- Qing Chun Jin Xing Shi 青春进行时
- Genre: Comedy Love Story
- Directed by: Quan Yi Jun / 全益俊
- Opening theme: 希望 by BoBo (band)
- Ending theme: 我不是宅男 by Back Dorm Boys
- Country of origin: China
- Original language: Mandarin
- No. of episodes: 57

Original release
- Network: Dragon TV

= Nonstop (Chinese TV series) =

Nonstop is the Chinese version of the popular Korean sitcom Nonstop, released in 2009.

==Synopsis==
All 9 students live together in a dorm, with different personalities. This sitcom revolves mainly around love, and crushes.

==Cast==
- Fu Xinbo as Fu Baozi 付包子, a rich and honest guy.
- Jing Boran as Jing Bao 井宝, a playboy, who constantly gets into fights with his girlfriend (Jenny).
- Cao Yuan (曹苑) as Cao Yuan Yuan 曹圆圆, a girl who works hard for her money to pay her schools fees, due to financial problems at home. After seeing Jing Bao play the piano, she falls in love with him.
- He Zhuoyan as He Zhuo yan 何琢言, described as manly, and un-girly by most of her peers, and is oblivious to the love that Dong Geng has for her.
- Zhang Xinyu as Jenny, the quiet, calm but very dumb girlfriend of Jing Bao.

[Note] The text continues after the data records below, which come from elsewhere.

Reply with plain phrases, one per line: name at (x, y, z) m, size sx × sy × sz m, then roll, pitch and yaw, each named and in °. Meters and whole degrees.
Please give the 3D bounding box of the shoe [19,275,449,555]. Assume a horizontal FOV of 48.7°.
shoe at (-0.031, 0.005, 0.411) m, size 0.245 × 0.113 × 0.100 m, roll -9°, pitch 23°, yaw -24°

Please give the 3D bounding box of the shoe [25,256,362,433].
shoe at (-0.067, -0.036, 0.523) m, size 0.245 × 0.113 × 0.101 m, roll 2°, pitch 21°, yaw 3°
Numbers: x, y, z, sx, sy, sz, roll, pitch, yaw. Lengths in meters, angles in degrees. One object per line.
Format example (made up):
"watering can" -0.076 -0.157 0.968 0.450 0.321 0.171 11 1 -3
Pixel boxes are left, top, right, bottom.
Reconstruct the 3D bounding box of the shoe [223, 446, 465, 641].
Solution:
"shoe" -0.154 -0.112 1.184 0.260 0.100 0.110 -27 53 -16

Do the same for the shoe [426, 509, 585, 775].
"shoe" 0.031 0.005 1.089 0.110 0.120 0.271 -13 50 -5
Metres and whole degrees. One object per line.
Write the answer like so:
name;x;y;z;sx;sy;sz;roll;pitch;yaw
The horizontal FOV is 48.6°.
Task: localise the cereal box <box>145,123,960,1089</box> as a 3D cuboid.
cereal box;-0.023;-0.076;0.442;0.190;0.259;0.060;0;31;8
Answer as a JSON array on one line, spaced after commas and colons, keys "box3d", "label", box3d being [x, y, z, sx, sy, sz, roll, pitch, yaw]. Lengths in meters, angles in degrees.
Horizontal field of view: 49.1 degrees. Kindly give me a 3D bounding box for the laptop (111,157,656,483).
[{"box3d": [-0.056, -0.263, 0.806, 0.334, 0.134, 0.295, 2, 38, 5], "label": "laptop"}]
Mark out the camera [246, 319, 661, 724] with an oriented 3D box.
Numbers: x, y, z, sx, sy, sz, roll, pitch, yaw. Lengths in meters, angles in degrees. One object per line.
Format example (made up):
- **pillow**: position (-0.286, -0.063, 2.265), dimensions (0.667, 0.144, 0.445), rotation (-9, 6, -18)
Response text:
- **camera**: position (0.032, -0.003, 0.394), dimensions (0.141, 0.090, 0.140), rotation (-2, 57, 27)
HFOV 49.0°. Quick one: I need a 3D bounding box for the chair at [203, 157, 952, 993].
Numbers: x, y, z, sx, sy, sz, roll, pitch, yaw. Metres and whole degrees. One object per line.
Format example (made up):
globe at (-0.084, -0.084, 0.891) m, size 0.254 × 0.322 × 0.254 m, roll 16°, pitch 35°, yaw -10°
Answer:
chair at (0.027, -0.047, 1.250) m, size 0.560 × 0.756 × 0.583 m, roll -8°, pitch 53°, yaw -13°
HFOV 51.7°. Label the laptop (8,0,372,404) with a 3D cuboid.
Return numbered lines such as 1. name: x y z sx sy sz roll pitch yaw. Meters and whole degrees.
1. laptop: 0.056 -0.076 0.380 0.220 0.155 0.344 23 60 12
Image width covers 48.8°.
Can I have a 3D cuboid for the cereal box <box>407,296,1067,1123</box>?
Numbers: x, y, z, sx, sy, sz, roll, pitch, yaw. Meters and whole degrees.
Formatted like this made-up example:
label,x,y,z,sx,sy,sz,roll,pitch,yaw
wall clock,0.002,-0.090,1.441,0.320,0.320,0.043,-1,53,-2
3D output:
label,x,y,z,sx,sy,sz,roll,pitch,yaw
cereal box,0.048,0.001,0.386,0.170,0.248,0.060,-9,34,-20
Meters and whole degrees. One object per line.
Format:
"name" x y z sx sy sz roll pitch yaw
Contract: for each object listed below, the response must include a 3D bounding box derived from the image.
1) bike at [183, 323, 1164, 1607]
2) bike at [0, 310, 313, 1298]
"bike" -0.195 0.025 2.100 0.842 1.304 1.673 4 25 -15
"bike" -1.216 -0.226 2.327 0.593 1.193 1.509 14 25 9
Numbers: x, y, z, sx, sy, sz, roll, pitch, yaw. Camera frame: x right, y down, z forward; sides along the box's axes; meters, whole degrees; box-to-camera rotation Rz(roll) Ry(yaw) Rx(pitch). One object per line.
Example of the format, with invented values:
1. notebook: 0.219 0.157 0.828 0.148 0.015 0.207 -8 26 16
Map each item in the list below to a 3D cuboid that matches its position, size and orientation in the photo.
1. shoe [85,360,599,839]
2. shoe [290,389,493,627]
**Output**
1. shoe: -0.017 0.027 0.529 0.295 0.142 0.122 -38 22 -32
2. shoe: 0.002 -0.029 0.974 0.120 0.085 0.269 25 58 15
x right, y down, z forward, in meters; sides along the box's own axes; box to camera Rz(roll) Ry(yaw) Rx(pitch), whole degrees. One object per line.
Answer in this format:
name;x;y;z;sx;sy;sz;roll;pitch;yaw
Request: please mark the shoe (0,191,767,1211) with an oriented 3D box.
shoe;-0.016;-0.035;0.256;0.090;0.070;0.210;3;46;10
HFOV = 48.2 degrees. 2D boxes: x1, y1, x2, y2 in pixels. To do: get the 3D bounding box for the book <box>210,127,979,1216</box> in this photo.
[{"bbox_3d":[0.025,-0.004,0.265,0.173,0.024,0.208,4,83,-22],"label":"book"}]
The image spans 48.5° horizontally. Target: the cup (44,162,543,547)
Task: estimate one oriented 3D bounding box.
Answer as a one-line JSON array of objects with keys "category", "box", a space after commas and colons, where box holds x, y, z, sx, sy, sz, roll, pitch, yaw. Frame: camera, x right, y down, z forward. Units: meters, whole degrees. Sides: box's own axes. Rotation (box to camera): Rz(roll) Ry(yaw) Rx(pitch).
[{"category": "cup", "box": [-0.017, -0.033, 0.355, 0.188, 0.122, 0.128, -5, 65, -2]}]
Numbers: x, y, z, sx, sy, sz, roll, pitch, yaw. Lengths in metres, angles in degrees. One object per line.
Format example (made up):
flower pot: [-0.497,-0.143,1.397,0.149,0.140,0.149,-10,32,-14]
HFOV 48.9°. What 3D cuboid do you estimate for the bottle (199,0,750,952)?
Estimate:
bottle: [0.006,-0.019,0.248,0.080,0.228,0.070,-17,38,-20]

Throughout the sitcom, she gets all her Chinese sayings wrong, as she grew up in Canada.
- Dan Dan 丹丹 as Dan Dan 丹丹, the oldest out of everyone in the group, and is always wondering why she cannot get a boyfriend even though she is so 'beautiful'.
- Wei Wei as Wei Dong Gen 韦东根, a messy and unhygienic guy, who falls in love with He Zuo Yan, who unfortunately does not like him back. He frequently tricks his friends for money, and never returns his debts.
- Tian Hai 田海 as Tian Hai 田海, an exchange student from Korea.